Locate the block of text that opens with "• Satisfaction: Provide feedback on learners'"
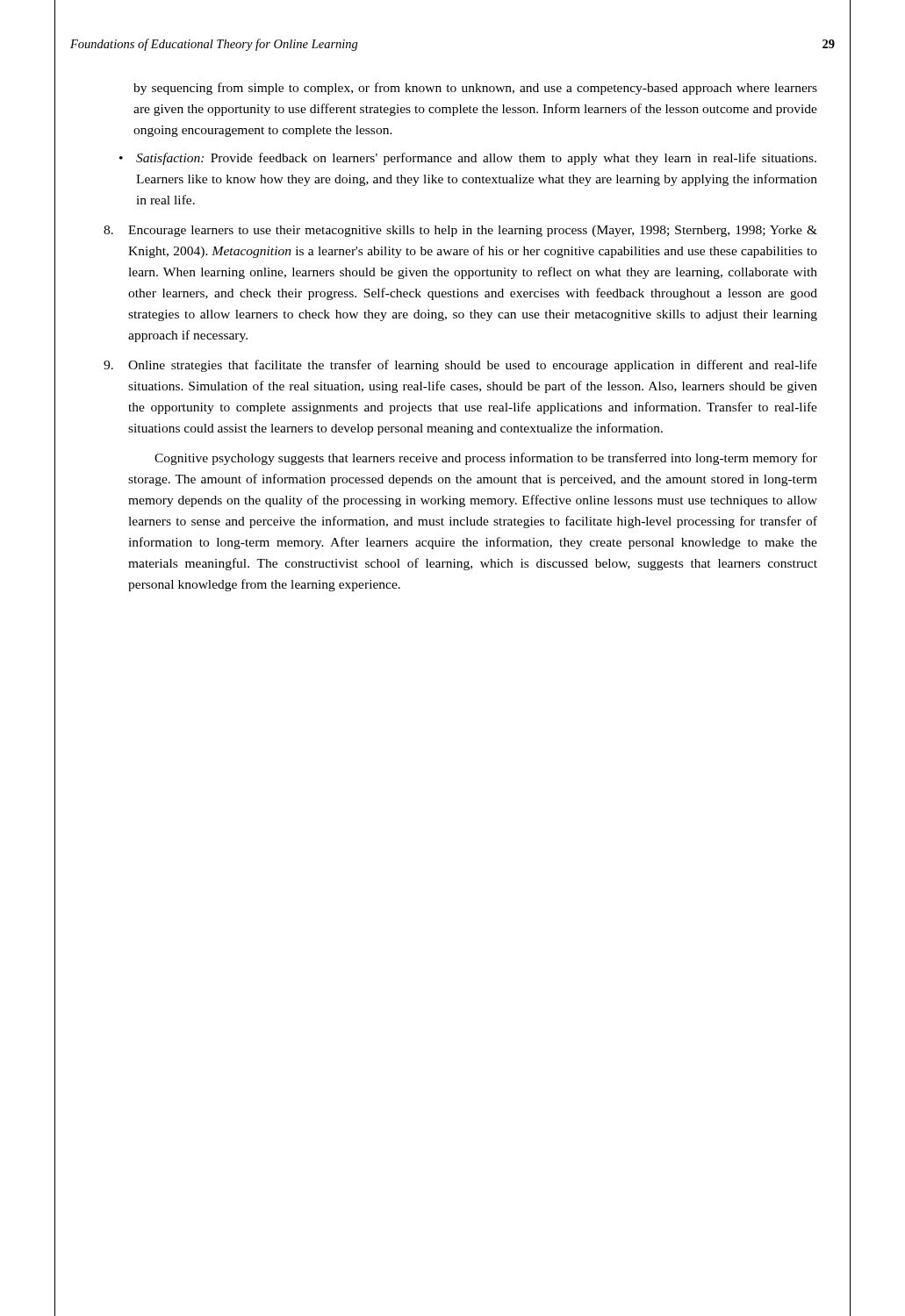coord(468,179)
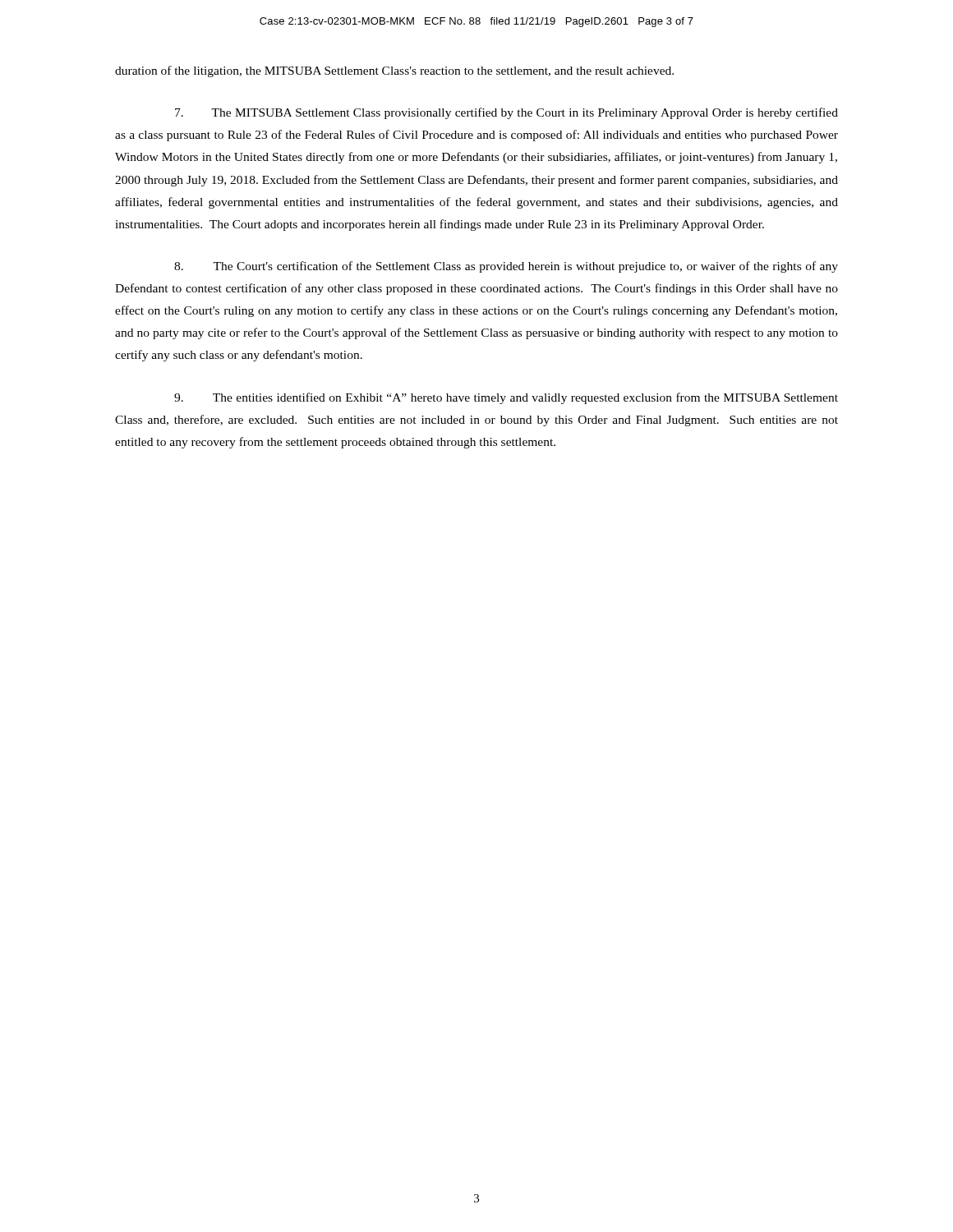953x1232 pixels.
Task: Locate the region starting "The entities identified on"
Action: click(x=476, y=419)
——————————
• **Goal of the exercise**
Would you reproduce each line of the material exactly, omitting the images?

• **Response to this task**
Locate the block of text that opens with "• Satisfaction: Provide feedback on learners'"
coord(468,179)
953x1232 pixels.
Task: Locate the region starting "The entities identified on"
Action: click(x=476, y=419)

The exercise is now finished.